Search the data for "enclosed" and copy every matching line.
(Input data Opens)
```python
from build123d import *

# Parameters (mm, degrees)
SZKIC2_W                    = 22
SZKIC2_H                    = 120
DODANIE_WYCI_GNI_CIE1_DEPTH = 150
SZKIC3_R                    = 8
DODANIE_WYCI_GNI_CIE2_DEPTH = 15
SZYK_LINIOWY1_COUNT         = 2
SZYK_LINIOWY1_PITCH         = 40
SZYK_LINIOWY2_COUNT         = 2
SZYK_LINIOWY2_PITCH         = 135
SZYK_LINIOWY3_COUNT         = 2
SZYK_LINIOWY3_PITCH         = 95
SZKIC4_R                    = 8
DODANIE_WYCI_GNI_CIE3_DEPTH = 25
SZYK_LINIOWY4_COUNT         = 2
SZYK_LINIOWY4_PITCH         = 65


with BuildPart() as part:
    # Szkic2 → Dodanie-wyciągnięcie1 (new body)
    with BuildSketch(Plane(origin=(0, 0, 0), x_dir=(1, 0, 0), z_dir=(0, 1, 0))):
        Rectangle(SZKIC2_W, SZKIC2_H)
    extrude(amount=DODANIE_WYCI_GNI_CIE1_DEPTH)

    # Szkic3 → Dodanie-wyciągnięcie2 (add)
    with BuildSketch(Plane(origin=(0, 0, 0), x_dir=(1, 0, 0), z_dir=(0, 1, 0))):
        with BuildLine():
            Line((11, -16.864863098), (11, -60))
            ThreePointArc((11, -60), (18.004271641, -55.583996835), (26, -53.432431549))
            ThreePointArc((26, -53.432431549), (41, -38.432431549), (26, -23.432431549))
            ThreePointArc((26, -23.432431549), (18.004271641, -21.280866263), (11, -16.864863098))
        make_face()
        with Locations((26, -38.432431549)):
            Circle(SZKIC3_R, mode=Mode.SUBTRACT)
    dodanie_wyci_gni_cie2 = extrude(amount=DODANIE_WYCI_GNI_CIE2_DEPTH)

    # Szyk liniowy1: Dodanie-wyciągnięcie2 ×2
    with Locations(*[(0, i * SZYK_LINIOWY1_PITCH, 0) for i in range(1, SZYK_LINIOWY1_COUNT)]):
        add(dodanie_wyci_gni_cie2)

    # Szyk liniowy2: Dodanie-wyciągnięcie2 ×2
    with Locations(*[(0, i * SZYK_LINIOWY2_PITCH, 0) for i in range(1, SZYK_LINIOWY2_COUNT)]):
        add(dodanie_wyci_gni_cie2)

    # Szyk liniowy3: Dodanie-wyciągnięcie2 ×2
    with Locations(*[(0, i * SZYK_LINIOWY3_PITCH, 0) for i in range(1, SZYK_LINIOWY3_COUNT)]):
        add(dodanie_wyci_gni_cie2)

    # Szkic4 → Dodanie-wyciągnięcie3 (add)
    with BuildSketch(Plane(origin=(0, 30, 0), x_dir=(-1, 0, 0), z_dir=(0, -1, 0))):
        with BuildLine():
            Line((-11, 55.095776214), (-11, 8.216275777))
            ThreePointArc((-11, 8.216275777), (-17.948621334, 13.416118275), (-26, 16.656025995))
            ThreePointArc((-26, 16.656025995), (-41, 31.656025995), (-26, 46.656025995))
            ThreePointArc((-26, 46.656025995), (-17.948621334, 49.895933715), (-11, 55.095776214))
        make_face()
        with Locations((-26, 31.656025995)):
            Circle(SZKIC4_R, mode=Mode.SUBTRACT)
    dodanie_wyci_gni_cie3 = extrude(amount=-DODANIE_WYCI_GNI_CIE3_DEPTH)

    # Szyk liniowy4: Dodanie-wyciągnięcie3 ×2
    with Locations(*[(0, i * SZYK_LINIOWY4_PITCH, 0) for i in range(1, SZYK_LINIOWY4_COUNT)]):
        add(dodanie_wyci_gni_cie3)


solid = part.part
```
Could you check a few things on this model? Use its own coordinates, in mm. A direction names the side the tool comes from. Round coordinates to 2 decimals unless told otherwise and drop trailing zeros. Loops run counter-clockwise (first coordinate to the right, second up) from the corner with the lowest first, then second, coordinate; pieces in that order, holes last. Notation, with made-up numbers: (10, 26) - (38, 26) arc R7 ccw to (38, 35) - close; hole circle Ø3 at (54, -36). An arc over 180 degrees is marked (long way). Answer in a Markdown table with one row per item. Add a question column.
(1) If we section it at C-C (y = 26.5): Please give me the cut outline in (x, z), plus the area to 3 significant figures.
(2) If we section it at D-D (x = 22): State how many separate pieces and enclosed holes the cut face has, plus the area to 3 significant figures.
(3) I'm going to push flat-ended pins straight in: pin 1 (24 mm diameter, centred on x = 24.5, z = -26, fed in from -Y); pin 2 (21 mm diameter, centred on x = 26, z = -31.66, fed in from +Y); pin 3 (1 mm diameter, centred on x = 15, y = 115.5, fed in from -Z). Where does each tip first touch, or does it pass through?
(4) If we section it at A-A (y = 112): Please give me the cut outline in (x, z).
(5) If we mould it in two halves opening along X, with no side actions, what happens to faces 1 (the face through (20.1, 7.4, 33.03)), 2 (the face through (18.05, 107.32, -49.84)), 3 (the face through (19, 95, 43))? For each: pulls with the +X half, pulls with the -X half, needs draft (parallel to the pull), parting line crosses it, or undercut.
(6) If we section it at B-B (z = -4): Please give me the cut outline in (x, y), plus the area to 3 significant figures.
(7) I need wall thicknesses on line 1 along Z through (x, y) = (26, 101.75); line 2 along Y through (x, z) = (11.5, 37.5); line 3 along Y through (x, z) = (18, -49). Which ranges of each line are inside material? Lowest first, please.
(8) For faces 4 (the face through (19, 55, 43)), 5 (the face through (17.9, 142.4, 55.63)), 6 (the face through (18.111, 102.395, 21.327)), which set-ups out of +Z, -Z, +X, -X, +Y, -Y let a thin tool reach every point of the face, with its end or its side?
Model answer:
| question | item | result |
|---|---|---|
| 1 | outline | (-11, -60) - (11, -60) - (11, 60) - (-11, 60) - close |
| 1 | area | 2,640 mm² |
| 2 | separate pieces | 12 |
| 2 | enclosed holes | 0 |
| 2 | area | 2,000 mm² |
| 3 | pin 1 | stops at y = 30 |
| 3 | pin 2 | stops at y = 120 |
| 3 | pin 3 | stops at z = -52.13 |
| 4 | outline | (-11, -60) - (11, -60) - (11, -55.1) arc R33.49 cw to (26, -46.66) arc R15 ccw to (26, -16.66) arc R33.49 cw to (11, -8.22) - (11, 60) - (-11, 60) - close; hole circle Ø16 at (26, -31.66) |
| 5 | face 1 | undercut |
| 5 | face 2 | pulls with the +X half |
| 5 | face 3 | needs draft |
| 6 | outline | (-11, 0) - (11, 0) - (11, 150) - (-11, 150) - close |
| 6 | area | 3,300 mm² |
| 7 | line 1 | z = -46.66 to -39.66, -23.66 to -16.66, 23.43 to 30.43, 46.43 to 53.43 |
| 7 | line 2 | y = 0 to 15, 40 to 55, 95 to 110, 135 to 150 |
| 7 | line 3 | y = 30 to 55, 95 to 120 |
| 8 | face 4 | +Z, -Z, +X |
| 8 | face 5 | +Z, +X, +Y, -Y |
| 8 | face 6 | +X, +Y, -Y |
(Input data Closes)
(Input data Opens)
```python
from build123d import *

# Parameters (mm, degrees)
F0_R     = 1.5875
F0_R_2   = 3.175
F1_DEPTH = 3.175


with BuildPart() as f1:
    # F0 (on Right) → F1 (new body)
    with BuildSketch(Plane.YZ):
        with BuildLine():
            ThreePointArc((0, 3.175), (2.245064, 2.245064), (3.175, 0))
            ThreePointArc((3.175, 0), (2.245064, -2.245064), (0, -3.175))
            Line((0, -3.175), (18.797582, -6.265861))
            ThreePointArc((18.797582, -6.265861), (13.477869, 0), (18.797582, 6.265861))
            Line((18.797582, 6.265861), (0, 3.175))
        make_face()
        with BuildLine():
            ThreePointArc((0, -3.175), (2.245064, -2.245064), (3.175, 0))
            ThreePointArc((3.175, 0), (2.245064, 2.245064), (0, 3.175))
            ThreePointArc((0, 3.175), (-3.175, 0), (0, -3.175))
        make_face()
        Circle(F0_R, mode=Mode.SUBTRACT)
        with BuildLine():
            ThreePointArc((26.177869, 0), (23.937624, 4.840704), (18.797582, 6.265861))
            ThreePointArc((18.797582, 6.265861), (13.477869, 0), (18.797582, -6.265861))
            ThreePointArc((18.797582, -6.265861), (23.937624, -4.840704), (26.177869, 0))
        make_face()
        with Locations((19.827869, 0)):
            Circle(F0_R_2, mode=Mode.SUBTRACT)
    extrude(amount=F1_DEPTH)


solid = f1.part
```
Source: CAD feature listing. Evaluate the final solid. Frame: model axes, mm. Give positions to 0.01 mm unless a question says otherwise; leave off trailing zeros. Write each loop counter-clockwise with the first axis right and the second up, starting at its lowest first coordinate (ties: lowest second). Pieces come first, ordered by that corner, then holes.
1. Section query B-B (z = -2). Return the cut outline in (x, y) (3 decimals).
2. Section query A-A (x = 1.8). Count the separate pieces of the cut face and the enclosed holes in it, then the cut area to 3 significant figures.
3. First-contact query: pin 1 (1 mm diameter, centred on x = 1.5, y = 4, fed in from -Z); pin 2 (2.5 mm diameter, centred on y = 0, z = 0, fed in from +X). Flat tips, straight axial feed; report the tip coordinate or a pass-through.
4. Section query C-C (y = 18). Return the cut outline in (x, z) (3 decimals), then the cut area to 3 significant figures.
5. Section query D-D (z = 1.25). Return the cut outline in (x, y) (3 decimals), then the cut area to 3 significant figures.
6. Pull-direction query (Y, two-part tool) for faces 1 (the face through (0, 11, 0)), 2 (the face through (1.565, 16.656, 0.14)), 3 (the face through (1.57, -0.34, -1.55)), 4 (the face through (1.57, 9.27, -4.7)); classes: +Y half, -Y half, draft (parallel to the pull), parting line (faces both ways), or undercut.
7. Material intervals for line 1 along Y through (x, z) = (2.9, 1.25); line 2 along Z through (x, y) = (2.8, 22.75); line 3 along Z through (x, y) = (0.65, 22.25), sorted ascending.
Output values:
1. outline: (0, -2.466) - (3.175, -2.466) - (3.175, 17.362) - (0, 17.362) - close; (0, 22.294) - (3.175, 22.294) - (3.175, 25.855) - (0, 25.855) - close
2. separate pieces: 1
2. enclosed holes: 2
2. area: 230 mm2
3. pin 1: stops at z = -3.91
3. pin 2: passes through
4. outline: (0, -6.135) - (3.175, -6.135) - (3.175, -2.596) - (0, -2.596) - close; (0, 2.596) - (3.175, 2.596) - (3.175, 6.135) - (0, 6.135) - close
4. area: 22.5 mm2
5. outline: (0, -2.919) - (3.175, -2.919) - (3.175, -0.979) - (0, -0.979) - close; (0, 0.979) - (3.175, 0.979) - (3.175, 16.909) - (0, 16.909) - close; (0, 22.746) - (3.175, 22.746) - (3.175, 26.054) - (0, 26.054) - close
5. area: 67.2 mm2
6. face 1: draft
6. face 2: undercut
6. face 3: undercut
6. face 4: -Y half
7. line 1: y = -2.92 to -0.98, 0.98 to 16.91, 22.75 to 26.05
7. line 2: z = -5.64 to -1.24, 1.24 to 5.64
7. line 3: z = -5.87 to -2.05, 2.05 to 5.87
(Input data Closes)
(Input data Opens)
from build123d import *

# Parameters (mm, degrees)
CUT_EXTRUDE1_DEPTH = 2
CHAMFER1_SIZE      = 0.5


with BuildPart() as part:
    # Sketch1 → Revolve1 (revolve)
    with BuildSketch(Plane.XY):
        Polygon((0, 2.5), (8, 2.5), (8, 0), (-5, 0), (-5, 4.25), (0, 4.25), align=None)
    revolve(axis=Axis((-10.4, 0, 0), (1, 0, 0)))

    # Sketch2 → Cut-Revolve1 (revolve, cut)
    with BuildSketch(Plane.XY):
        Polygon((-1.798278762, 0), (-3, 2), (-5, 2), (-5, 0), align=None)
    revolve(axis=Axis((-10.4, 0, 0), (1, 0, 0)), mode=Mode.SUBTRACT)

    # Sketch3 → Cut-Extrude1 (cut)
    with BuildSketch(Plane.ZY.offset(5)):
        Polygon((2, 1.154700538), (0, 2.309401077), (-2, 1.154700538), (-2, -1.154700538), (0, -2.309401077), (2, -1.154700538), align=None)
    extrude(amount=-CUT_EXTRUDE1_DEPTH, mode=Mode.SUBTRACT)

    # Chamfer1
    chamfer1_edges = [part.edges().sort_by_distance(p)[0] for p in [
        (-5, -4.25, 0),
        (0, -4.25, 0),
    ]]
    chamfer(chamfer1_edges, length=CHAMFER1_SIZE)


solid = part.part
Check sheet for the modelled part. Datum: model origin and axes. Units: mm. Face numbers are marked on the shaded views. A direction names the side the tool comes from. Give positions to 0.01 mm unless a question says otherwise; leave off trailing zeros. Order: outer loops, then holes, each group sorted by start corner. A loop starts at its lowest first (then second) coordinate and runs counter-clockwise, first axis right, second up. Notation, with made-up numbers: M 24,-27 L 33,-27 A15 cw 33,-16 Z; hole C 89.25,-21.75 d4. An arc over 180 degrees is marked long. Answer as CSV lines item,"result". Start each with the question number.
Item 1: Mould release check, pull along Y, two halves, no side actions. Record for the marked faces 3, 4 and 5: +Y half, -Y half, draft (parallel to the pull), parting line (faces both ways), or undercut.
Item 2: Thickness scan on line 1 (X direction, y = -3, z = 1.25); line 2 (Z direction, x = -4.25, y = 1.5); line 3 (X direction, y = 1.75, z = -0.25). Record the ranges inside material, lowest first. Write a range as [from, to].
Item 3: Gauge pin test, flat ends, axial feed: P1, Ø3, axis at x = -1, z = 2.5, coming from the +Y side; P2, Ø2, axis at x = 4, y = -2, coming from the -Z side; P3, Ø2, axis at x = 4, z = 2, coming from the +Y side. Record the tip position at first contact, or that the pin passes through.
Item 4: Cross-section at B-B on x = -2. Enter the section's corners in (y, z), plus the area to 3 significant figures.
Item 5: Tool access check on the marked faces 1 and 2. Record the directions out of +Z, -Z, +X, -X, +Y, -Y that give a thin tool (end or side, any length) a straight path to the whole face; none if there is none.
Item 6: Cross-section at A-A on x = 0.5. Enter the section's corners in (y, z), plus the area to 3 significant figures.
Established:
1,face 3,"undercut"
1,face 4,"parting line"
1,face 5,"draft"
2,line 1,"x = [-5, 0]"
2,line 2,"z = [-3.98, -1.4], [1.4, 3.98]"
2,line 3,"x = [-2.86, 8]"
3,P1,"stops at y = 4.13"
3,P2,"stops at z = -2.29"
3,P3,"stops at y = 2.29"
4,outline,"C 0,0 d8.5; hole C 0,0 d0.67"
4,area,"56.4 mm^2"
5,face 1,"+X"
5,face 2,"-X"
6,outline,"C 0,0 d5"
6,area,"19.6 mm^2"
(Input data Closes)
Task answer:
(2) If we section it at D-D (x = 22): State how many separate pieces and enclosed holes the cut face has, plus the area to 3 significant figures.
| 2 | enclosed holes | 0 |
2. Section query A-A (x = 1.8). Count the separate pieces of the cut face and the enclosed holes in it, then the cut area to 3 significant figures.
2. enclosed holes: 2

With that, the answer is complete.